§ **Work to complete**:
Retype, word for word, every line starting at the line with "name: [x,y,z,sx,sy,sz,roll,pitch,yaw]" and ending with the final line of the entries; skip the pictures.

*** Records for this exercise Section Begins ***

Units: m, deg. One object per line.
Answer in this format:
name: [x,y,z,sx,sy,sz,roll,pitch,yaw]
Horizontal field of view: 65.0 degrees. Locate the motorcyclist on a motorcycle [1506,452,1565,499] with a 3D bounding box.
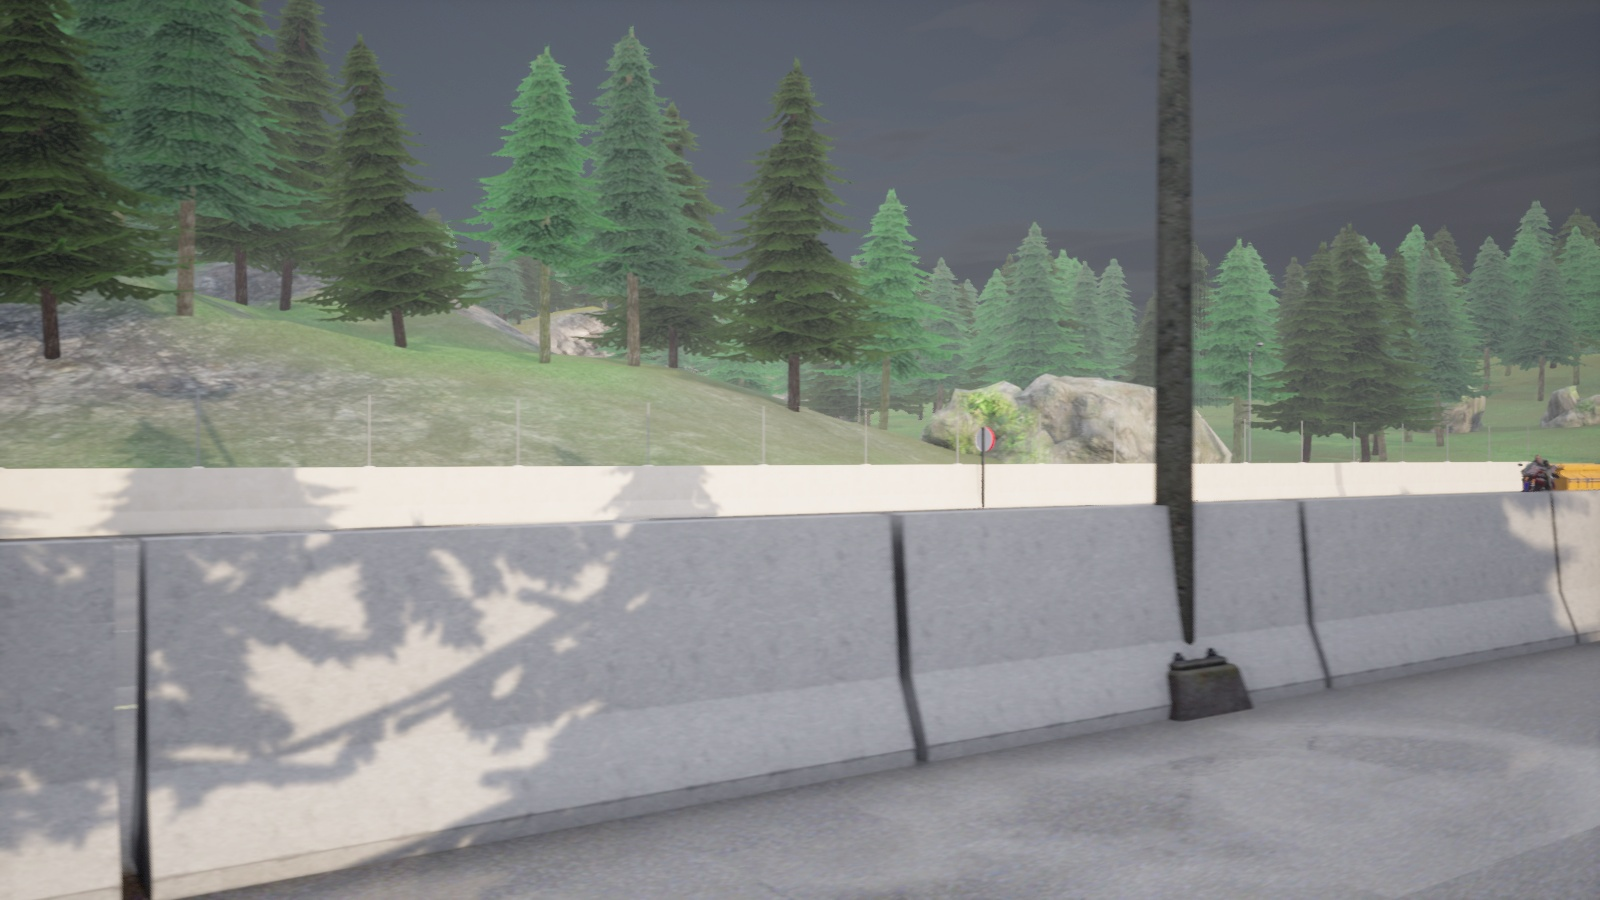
motorcyclist on a motorcycle: [24.730,0.831,42.193,2.191,1.530,0.866,0,0,-35]

*** Records for this exercise Section Ends ***

§ **Answer to this problem**:
name: [x,y,z,sx,sy,sz,roll,pitch,yaw]
Horizontal field of view: 65.0 degrees. Locate the motorcyclist on a motorcycle [1506,452,1565,499] with a 3D bounding box.
motorcyclist on a motorcycle: [24.730,0.831,42.193,2.191,1.530,0.866,0,0,-35]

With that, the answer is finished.